[Stored entries]
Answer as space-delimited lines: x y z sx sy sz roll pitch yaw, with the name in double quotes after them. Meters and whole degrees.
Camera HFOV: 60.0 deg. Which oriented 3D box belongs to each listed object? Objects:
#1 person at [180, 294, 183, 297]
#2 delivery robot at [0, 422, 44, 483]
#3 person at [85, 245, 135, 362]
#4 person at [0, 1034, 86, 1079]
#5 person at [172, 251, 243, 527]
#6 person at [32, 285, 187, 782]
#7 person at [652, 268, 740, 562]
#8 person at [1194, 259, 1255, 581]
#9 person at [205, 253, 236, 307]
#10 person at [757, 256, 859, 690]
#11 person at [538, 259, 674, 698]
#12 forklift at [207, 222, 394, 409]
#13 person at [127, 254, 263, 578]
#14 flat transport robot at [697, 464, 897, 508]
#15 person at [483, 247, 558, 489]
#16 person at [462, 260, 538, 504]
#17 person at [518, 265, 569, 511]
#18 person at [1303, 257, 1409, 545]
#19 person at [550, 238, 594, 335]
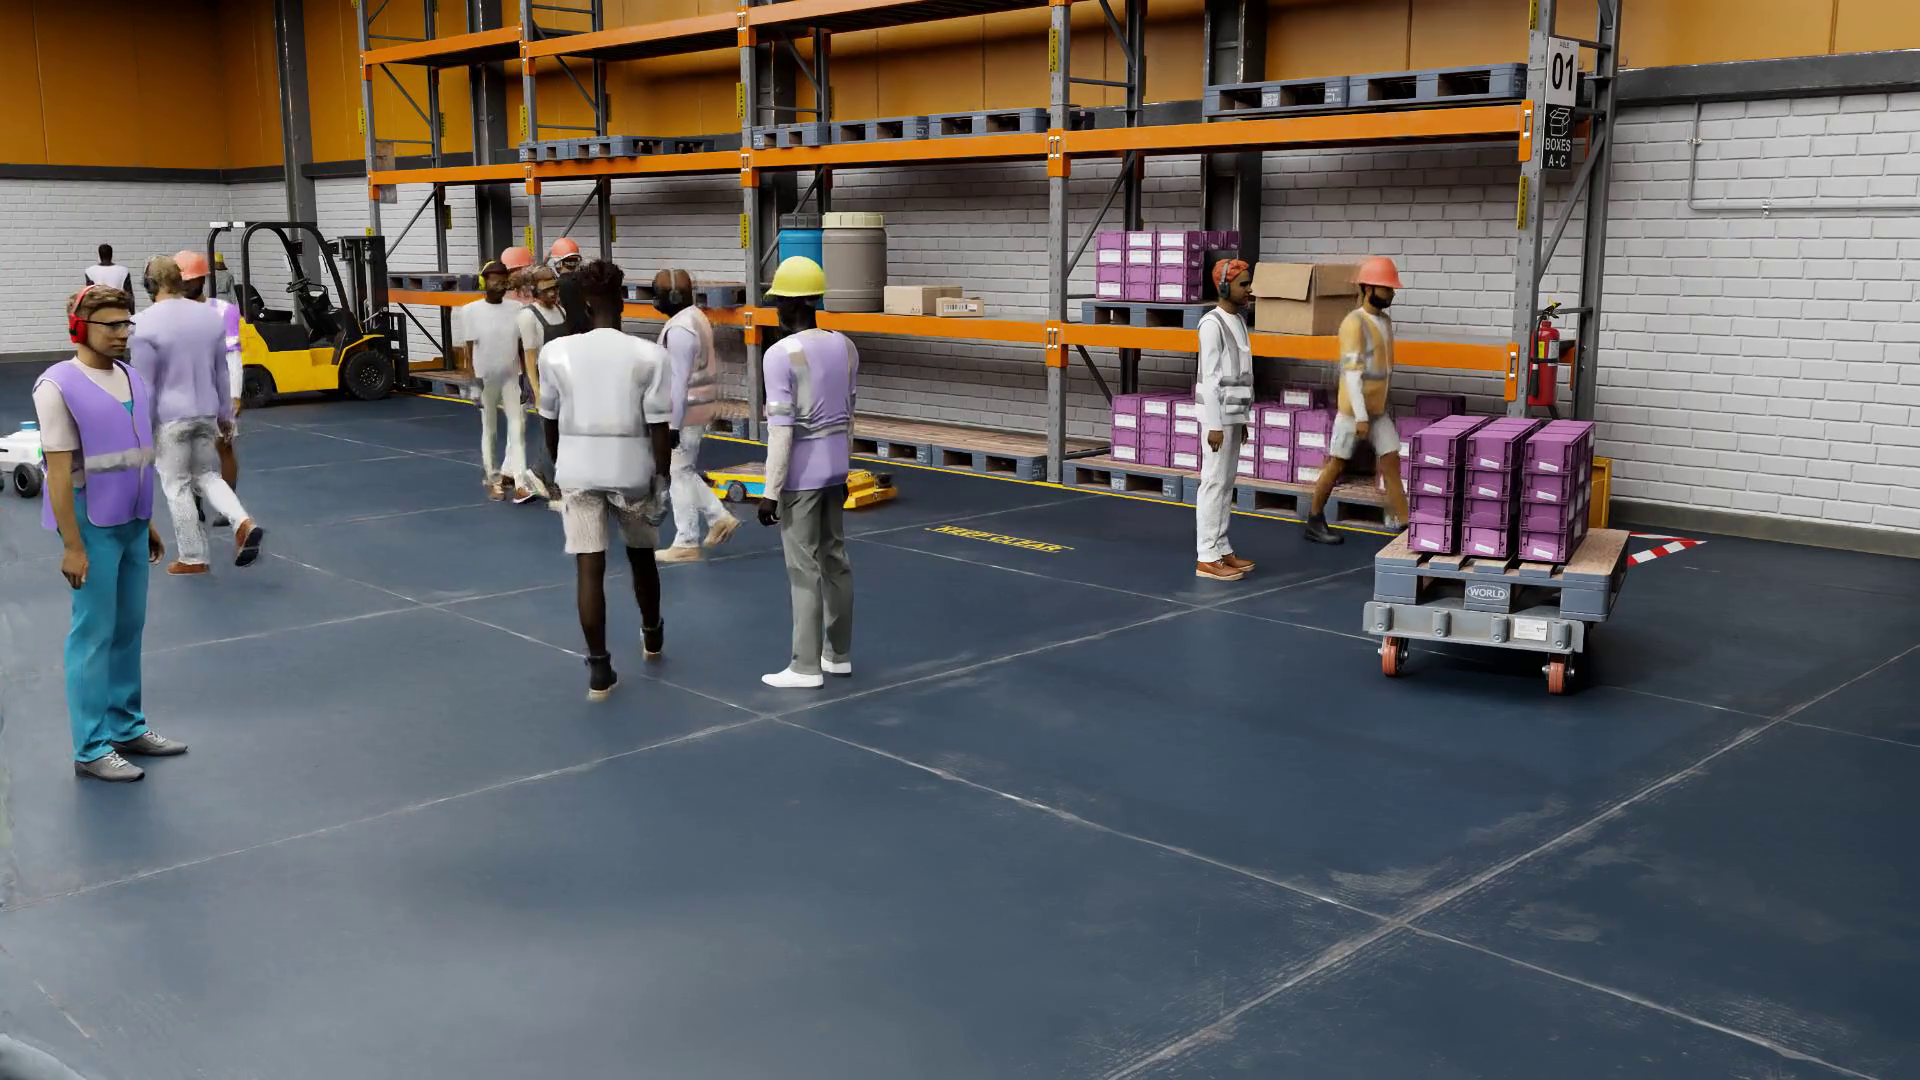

> **TASK DESCRIPTION**: Return all the records above exactly, pictures omitted.

> **REPLY TO THE EXERCISE**:
Answer as space-delimited lines: x y z sx sy sz roll pitch yaw, with the name in double quotes after them. Meters and whole degrees.
Camera HFOV: 60.0 deg. Which oriented 3D box belongs to each listed object? Objects:
#1 person at [180, 294, 183, 297]
#2 delivery robot at [0, 422, 44, 483]
#3 person at [85, 245, 135, 362]
#4 person at [0, 1034, 86, 1079]
#5 person at [172, 251, 243, 527]
#6 person at [32, 285, 187, 782]
#7 person at [652, 268, 740, 562]
#8 person at [1194, 259, 1255, 581]
#9 person at [205, 253, 236, 307]
#10 person at [757, 256, 859, 690]
#11 person at [538, 259, 674, 698]
#12 forklift at [207, 222, 394, 409]
#13 person at [127, 254, 263, 578]
#14 flat transport robot at [697, 464, 897, 508]
#15 person at [483, 247, 558, 489]
#16 person at [462, 260, 538, 504]
#17 person at [518, 265, 569, 511]
#18 person at [1303, 257, 1409, 545]
#19 person at [550, 238, 594, 335]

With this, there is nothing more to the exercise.